At college Philip did fairly well, and, being a Caresfoot, did not run into debt. He was, as his great bodily strength gave promise of, a first-class athlete, and for two years stroked the Magdalen boat. Nor did he altogether neglect his books, but his reading was of a desultory and out-of-the-way order, and much directed towards the investigation of mystical subjects. Fairly well liked amongst the men with whom he mixed, he could hardly be called popular; his temperament was too uncertain for that. At times he was the gayest of the gay, and then when the fit took him he would be plunged into a state of gloomy depression that might last for days. His companions, to whom his mystical studies were a favourite jest, were wont to assert that on these occasions he was preparing for a visit from his familiar, but the joke was one that he never could be prevailed upon to appreciate. The fact of the matter was that these fits of gloom were constitutional with him, and very possibly had their origin in the state of his mother’s mind before his birth, when her whole thoughts were coloured by her morbid and fanciful terror of her husband, and her frantic anxiety to conciliate him.

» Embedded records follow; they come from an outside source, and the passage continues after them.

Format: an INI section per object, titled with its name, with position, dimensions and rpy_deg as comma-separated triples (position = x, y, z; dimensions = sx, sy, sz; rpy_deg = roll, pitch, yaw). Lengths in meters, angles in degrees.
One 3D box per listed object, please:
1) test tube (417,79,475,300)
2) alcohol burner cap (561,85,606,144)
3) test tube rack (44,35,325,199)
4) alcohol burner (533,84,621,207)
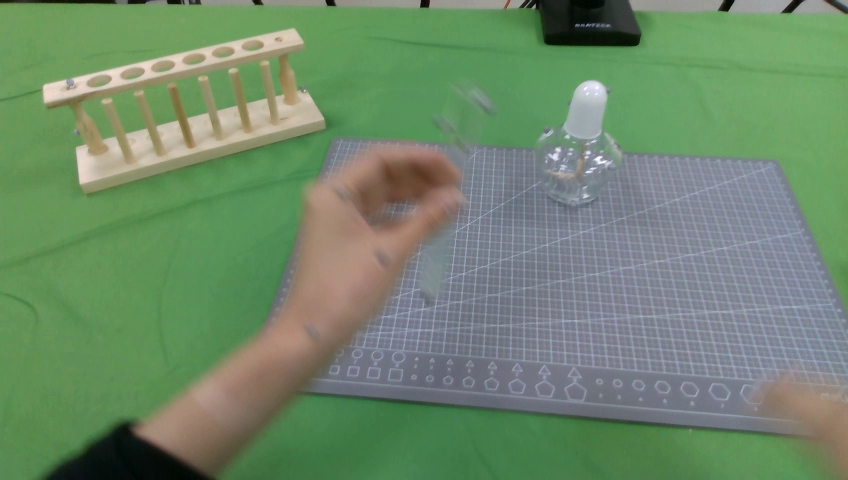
[test tube]
position = 0.011, -0.021, 0.353
dimensions = 0.017, 0.151, 0.017
rpy_deg = 5, 39, -4
[alcohol burner cap]
position = 0.138, -0.109, 0.516
dimensions = 0.034, 0.048, 0.033
rpy_deg = 2, 45, -1
[test tube rack]
position = -0.230, -0.127, 0.608
dimensions = 0.243, 0.086, 0.066
rpy_deg = -19, 48, -17
[alcohol burner]
position = 0.138, -0.087, 0.537
dimensions = 0.078, 0.120, 0.077
rpy_deg = 0, 47, 0
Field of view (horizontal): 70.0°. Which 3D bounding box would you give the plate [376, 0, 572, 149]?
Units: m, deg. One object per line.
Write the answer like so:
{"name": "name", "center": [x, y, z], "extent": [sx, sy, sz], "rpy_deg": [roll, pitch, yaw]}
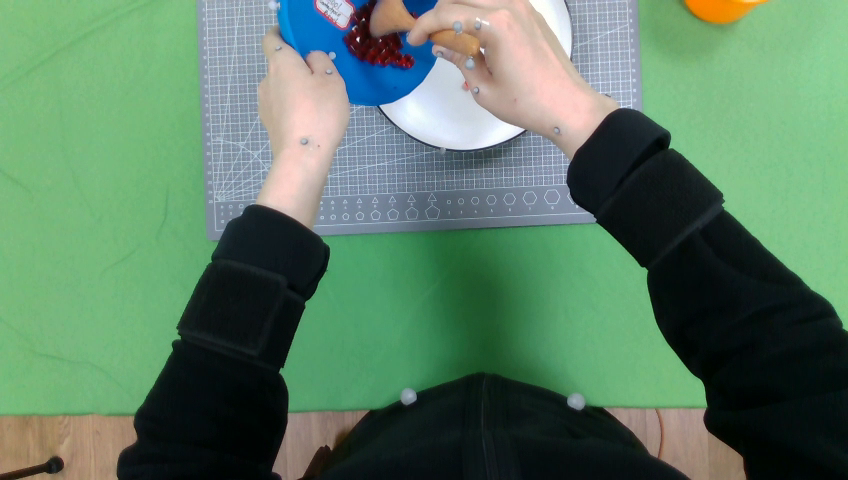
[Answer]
{"name": "plate", "center": [0.040, -0.193, 0.599], "extent": [0.209, 0.038, 0.209], "rpy_deg": [0, 90, 4]}

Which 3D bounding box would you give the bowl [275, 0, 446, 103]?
{"name": "bowl", "center": [-0.064, -0.195, 0.505], "extent": [0.152, 0.076, 0.152], "rpy_deg": [-15, 115, -34]}

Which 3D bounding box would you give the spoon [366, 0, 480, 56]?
{"name": "spoon", "center": [-0.004, -0.159, 0.448], "extent": [0.022, 0.191, 0.041], "rpy_deg": [21, 104, -37]}
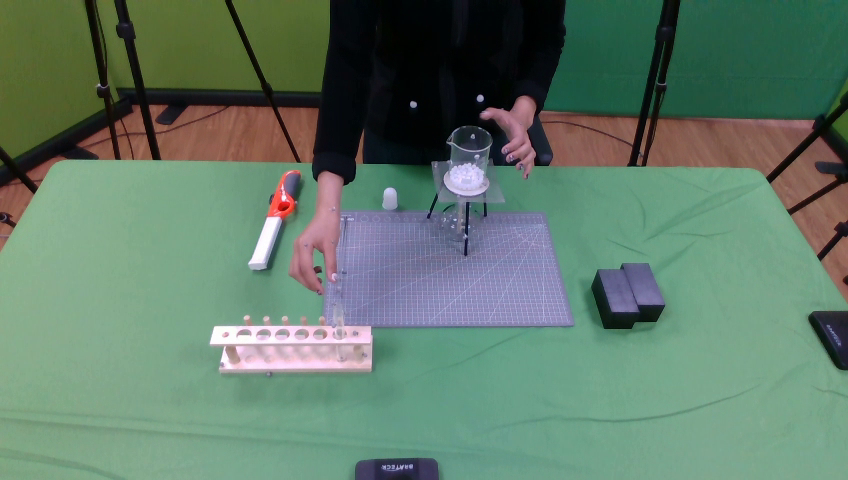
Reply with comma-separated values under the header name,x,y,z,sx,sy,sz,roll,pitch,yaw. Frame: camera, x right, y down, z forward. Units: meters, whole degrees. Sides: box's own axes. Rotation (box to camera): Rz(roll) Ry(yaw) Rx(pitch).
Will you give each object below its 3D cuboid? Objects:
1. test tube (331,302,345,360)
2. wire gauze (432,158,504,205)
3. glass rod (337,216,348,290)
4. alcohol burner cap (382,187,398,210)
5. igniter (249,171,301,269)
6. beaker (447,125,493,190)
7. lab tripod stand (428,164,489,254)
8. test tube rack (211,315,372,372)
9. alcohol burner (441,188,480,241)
name,x,y,z,sx,sy,sz,roll,pitch,yaw
test tube,-0.132,0.144,0.937,0.017,0.151,0.017,2,49,-3
wire gauze,0.081,-0.111,1.138,0.125,0.011,0.120,0,48,-7
glass rod,-0.158,0.021,1.171,0.008,0.008,0.198,1,44,-2
alcohol burner cap,-0.072,-0.090,1.266,0.034,0.048,0.033,2,47,-2
igniter,-0.297,-0.049,1.220,0.057,0.025,0.275,-1,45,9
beaker,0.079,-0.148,1.106,0.084,0.101,0.073,-3,47,-7
lab tripod stand,0.078,-0.068,1.188,0.148,0.132,0.147,3,47,-3
test tube rack,-0.208,0.164,0.982,0.242,0.085,0.066,1,46,-4
alcohol burner,0.073,-0.055,1.189,0.078,0.120,0.077,1,47,-1
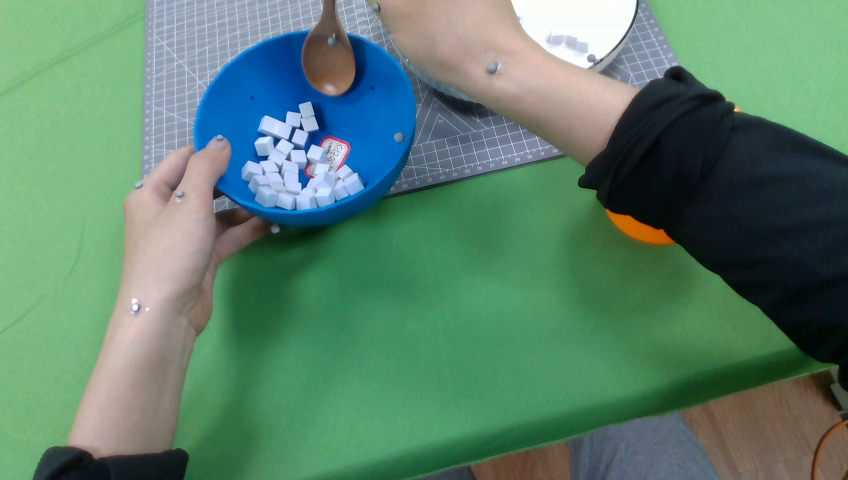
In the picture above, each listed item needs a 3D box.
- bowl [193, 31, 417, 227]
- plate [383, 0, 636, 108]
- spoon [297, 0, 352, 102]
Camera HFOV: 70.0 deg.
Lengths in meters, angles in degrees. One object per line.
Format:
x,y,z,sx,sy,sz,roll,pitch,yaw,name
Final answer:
-0.077,-0.067,0.438,0.151,0.077,0.150,-1,66,3,bowl
0.069,-0.192,0.517,0.209,0.038,0.207,-3,64,5,plate
-0.058,-0.150,0.373,0.041,0.194,0.021,24,66,-2,spoon
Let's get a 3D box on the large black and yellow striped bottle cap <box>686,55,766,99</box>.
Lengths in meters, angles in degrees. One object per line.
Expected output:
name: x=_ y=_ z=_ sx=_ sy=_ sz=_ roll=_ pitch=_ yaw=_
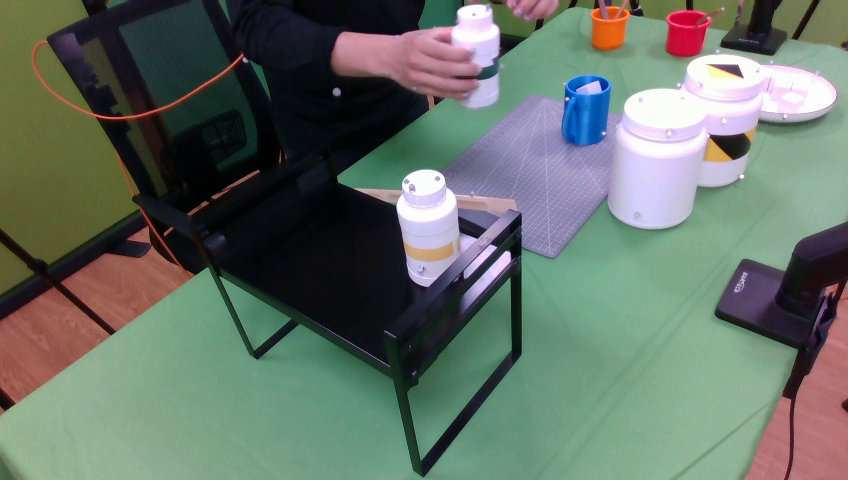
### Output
large black and yellow striped bottle cap: x=0.474 y=-0.258 z=0.952 sx=0.115 sy=0.019 sz=0.114 roll=-5 pitch=41 yaw=5

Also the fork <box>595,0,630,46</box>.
fork: x=0.479 y=-0.556 z=1.452 sx=0.028 sy=0.019 sz=0.207 roll=41 pitch=103 yaw=40

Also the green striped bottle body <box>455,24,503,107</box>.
green striped bottle body: x=0.074 y=-0.246 z=0.814 sx=0.063 sy=0.120 sz=0.063 roll=-3 pitch=42 yaw=3

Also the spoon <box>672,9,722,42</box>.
spoon: x=0.606 y=-0.476 z=1.345 sx=0.042 sy=0.021 sz=0.193 roll=-6 pitch=-3 yaw=-2

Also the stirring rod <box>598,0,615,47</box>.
stirring rod: x=0.437 y=-0.551 z=1.462 sx=0.014 sy=0.006 sz=0.175 roll=-11 pitch=83 yaw=1

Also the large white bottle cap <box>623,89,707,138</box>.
large white bottle cap: x=0.352 y=-0.187 z=0.886 sx=0.115 sy=0.018 sz=0.114 roll=-4 pitch=41 yaw=4

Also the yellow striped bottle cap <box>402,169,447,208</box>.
yellow striped bottle cap: x=0.000 y=-0.052 z=0.605 sx=0.044 sy=0.019 sz=0.044 roll=-5 pitch=42 yaw=5

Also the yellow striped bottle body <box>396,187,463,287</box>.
yellow striped bottle body: x=0.006 y=-0.013 z=0.638 sx=0.063 sy=0.121 sz=0.062 roll=-5 pitch=41 yaw=5

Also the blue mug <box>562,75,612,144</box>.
blue mug: x=0.298 y=-0.239 z=1.143 sx=0.081 sy=0.106 sz=0.117 roll=30 pitch=54 yaw=36

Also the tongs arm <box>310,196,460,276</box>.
tongs arm: x=-0.078 y=-0.012 z=0.944 sx=0.028 sy=0.028 sz=0.384 roll=-43 pitch=39 yaw=-23

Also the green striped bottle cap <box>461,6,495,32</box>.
green striped bottle cap: x=0.069 y=-0.285 z=0.779 sx=0.044 sy=0.020 sz=0.044 roll=-2 pitch=40 yaw=2

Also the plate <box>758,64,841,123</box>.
plate: x=0.695 y=-0.283 z=1.189 sx=0.207 sy=0.039 sz=0.206 roll=-4 pitch=40 yaw=4

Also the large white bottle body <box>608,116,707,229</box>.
large white bottle body: x=0.361 y=-0.124 z=0.942 sx=0.130 sy=0.185 sz=0.130 roll=-5 pitch=41 yaw=4

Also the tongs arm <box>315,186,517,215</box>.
tongs arm: x=-0.028 y=-0.060 z=0.988 sx=0.382 sy=0.027 sz=0.051 roll=9 pitch=45 yaw=36

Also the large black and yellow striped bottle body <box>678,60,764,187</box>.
large black and yellow striped bottle body: x=0.482 y=-0.196 z=1.008 sx=0.131 sy=0.185 sz=0.130 roll=-4 pitch=41 yaw=4
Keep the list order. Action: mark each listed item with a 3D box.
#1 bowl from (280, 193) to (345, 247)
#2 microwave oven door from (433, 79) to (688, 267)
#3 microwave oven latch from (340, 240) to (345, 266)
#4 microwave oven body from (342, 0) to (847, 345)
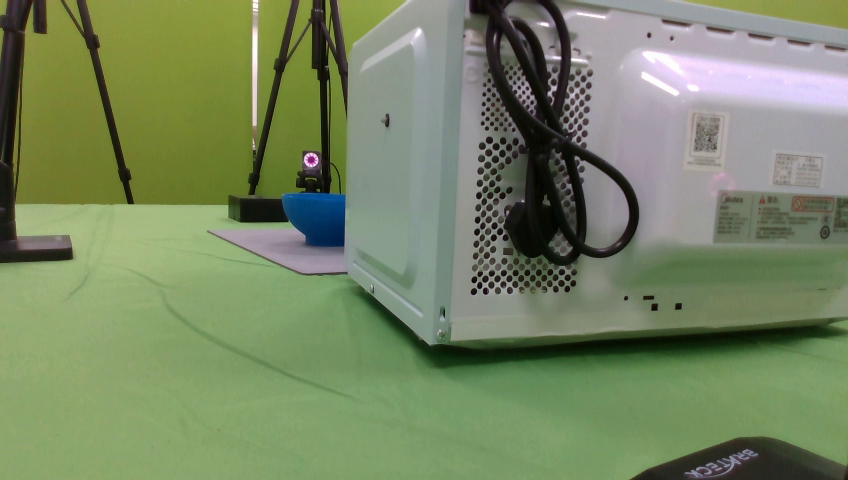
[{"bbox_3d":[-0.153,-0.032,0.970,0.151,0.077,0.151,3,7,0],"label":"bowl"},{"bbox_3d":[0.178,-0.102,0.867,0.354,0.243,0.039,7,9,30],"label":"microwave oven door"},{"bbox_3d":[-0.052,0.016,0.662,0.079,0.029,0.030,1,7,-19],"label":"microwave oven latch"},{"bbox_3d":[0.169,-0.060,0.573,0.444,0.260,0.324,1,7,-20],"label":"microwave oven body"}]
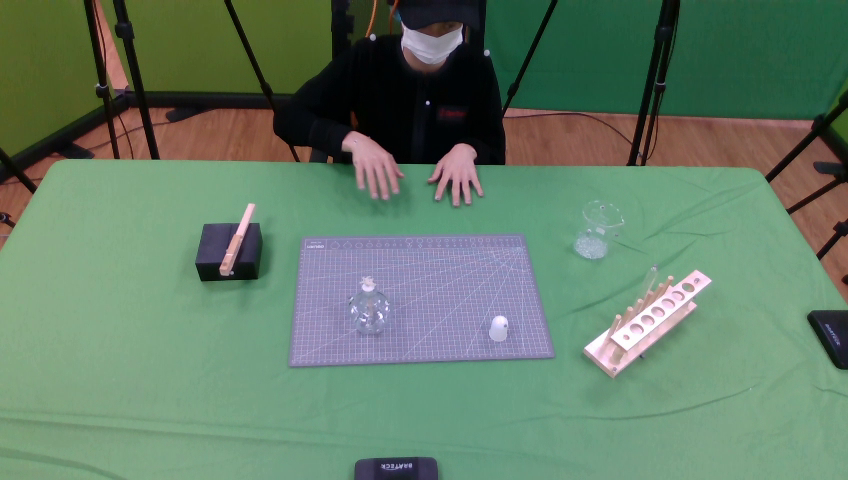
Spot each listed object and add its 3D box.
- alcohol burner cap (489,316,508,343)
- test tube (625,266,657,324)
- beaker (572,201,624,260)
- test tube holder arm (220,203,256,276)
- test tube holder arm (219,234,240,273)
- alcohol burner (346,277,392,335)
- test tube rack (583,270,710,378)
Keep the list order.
[{"bbox_3d":[0.130,0.151,1.045,0.034,0.048,0.033,2,46,-2],"label":"alcohol burner cap"},{"bbox_3d":[0.367,0.097,1.027,0.017,0.151,0.017,1,46,-1],"label":"test tube"},{"bbox_3d":[0.338,-0.015,1.186,0.084,0.101,0.074,21,49,15],"label":"beaker"},{"bbox_3d":[-0.340,-0.005,1.112,0.015,0.013,0.177,5,46,2],"label":"test tube holder arm"},{"bbox_3d":[-0.344,0.023,1.076,0.015,0.010,0.087,5,45,2],"label":"test tube holder arm"},{"bbox_3d":[-0.093,0.106,1.021,0.078,0.120,0.077,1,46,-1],"label":"alcohol burner"},{"bbox_3d":[0.389,0.133,1.057,0.242,0.085,0.066,-29,54,-28],"label":"test tube rack"}]

During the three years that he spent at college, Philip saw but little of George, since, when he happened to be down at Bratham, which was not often, for he spent most of his vacations abroad, George avoided coming there as much as possible. Indeed, there was a tacit agreement between the two young men that they would see as little of each other as might be convenient. But, though he did not see much of him himself, Philip was none the less aware that George’s influence over his father was, if anything, on the increase. The old squire’s letters were full of him and of the admirable way in which he managed the estate, for it was now practically in his hands. Indeed, to his surprise and somewhat to his disgust, he found that George began to be spoken of indifferently with himself as the "young squire.” Long before his college days had come to an end Philip had determined that he would do his best, as soon as opportunity offered, to reduce his cousin to his proper place, not by the violent means to which he had resorted in other days, but rather by showing himself to be equally capable, equally assiduous, and equally respectful and affectionate.